Kali ini John Green mencoba keluar dari comfort zone dengan merilis buku nonfiksi
pertamanya yang mampu memberikan perspektif baru kepada pembacanya. Yang
gak disangka-sangka nih, The Anthropocene Reviewed ini menjadi pemenang karya
nonfiksi terbaik versi Goodreads lho. Wow!
ISI 2

Oya, sebelum lanjut bahas isi bukunya, aku mau ngasih trigger warning dulu nih buat
kamu yang lagi nonton, karena buku ini membahas ‘sisi lain’ dari hidup manusia,
banyak hal-hal nyata yang bisa dibilang agak nyeleneh dan bisa bikin sedikit
terguncang. Jadi sebisa mungkin siapkan mental dan batin yang kuat ya. Oke, seperti
yang udah aku bahas tadi, di buku ini John Green banyak bercerita tentang kisah
hidupnya bersama keluarga kecilnya, teman semasa sekolah, rekan kerja bahkan
tetangganya (bukan tetangga masa gitu ya).
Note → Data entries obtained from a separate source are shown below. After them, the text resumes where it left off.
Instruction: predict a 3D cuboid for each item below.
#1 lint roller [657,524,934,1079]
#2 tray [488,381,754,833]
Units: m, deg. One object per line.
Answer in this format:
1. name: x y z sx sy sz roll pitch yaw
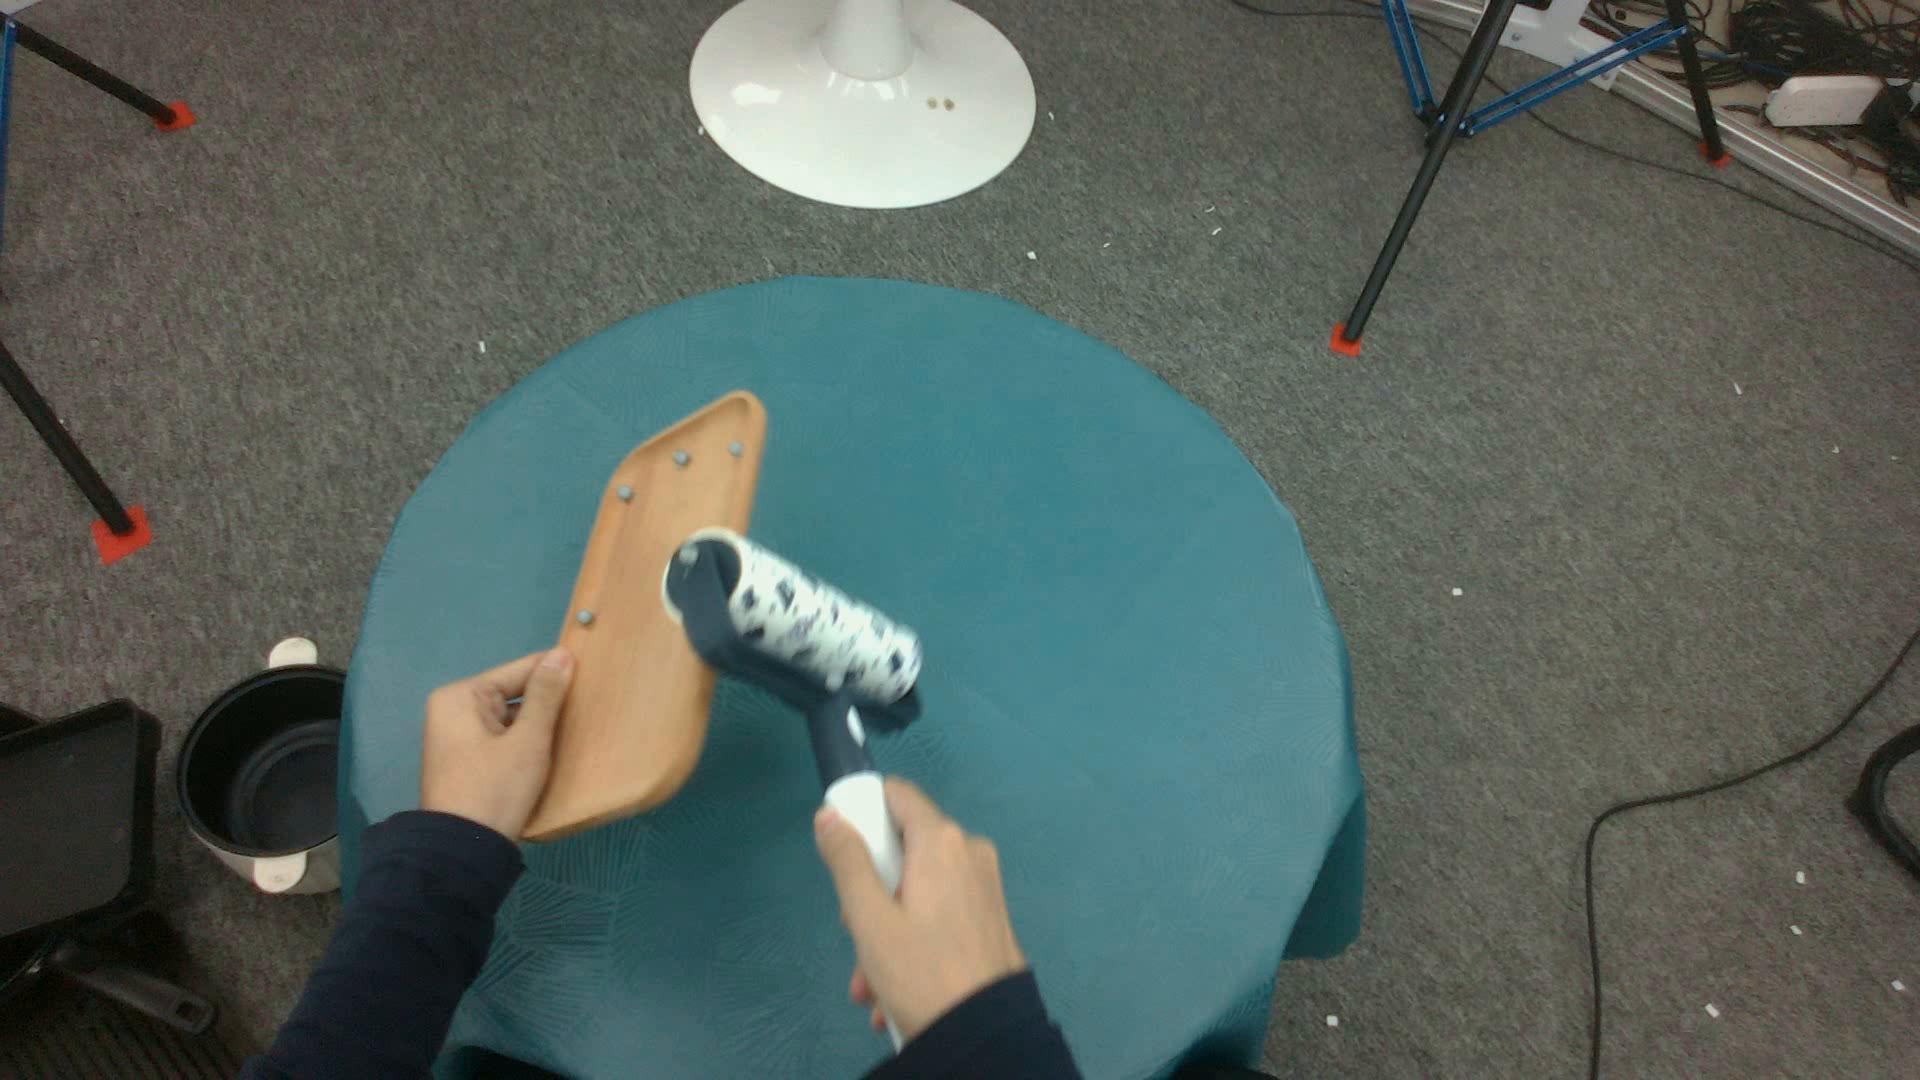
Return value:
1. lint roller: -0.051 0.122 0.628 0.050 0.176 0.248 -30 60 13
2. tray: -0.169 0.028 0.709 0.023 0.130 0.252 37 43 -35

Kalau biasanya kisah hidup diceritakan
secara blak-blakan kayak curhat, di buku ini berbeda. Ya memang sih kamu gak akan
ketemu sama kata-kata kasar, soalnya John menceritakan kisahnya dengan bahasa
yang cukup smooth mirip dengan gaya bahasanya di novel-novel sebelumnya.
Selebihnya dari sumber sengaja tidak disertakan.